OSSEC Infrastructure edit

Figure 7.1 depicts OSSEC’s important directories and the corresponding files. The directories contain the binary files, configuration files, the decoder for decoding the events (see section 7.5) and the log files. They are all located in /var/ossec or in the directory which was specified during the installation, respectively.
Some of the essential executables are listed in this figure. For example ossec_control is used for starting the OSSEC system on the server or on an agent. syscheckd is the program for performing the file integrity check (section 7.1). To generate and import keys for the agents (see section 7.6) manage_agents is used.
All main configurations of OSSEC, for example setting the email notification, are done in ossec.conf. OSSEC’s meta-information that has been specified during the installation (see section 7.6) are stored in the ossec-init.conf and in internal_options.conf.
The file ossec.log stores everything that happens inside OSSEC. For example, if an OSSEC service starts or is canceled, this is listed in the ossec.log file. In alert.log all critical events are logged.

Figure 7.1: Infrastructure of OSSEC. This is only an extract of the whole infrastructure.

The OSSEC HIDS Analysis Process edit

When changes are made within the system, the type of this changing event has to be classified. Figure 7.2 shows the analysis process of such an event. It is performed in two major steps called predecoding and decoding. These steps extract relevant information from the event and rate its severity. This rating is done by finding a predefined rules which matches the event. The rule stores the severity of an event in different levels (0 to 15). If the event has been classified as an attack to the system, an alert is sent to the administrator and OSSEC tries to block the attack (active response).

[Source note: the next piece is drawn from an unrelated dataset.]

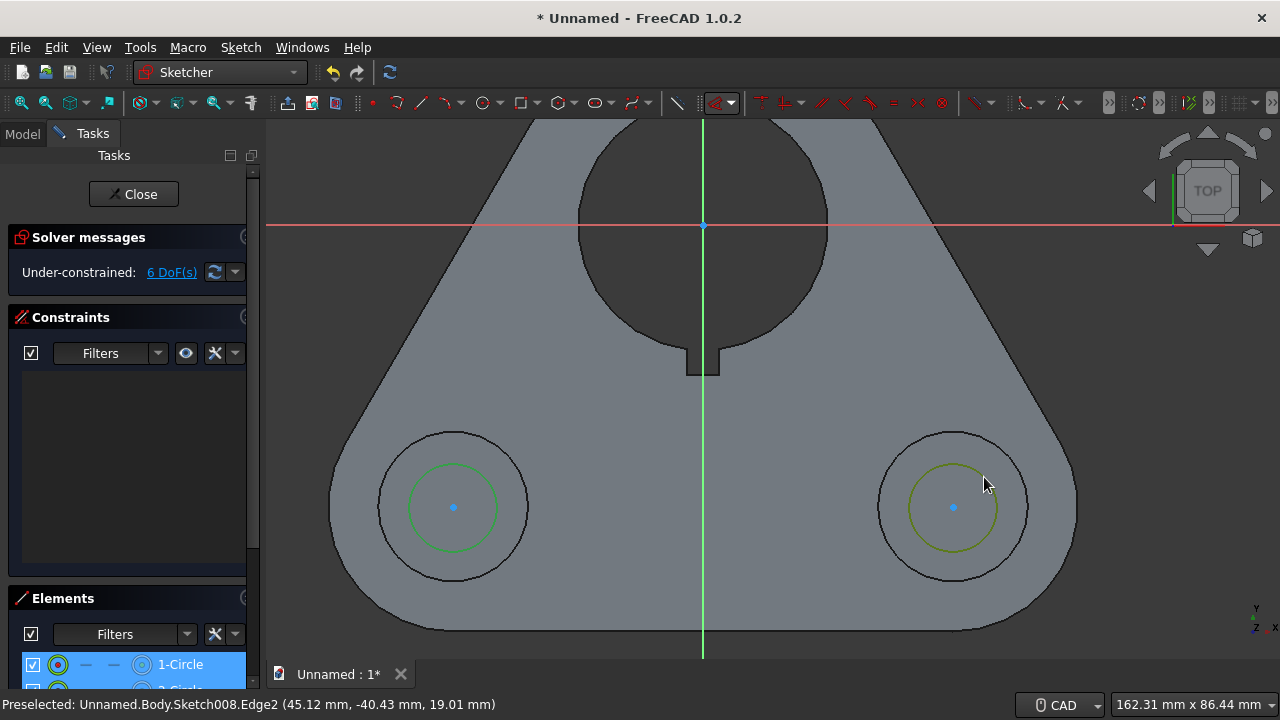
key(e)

In the next sections, the steps predecoding and decoding are explained in more detail.

Figure 7.2: The analysis process of an event in OSSEC [BC08].

Predecoding edit

The predecoding step only extracts static information like time, date, hostname, program name and the log message. These are well-known fields of several used protocols. There are a lot of standards for computer data logging - like the Apple System Log (ASL) and syslog - which use a different formatting to handle and to store log messages. However, OSSEC is able to distinguish between these types of protocols. As an example, the following log message shows an invalid login of an unknown user using the ssh command (syslog standard).

Feb 27 13:11:18 master sshd[13030]: Invalid user evil from


OSSEC now extracts these information and classify the fields of this message. Table 7.1 shows the fields that are picked by the predecoding process and their description.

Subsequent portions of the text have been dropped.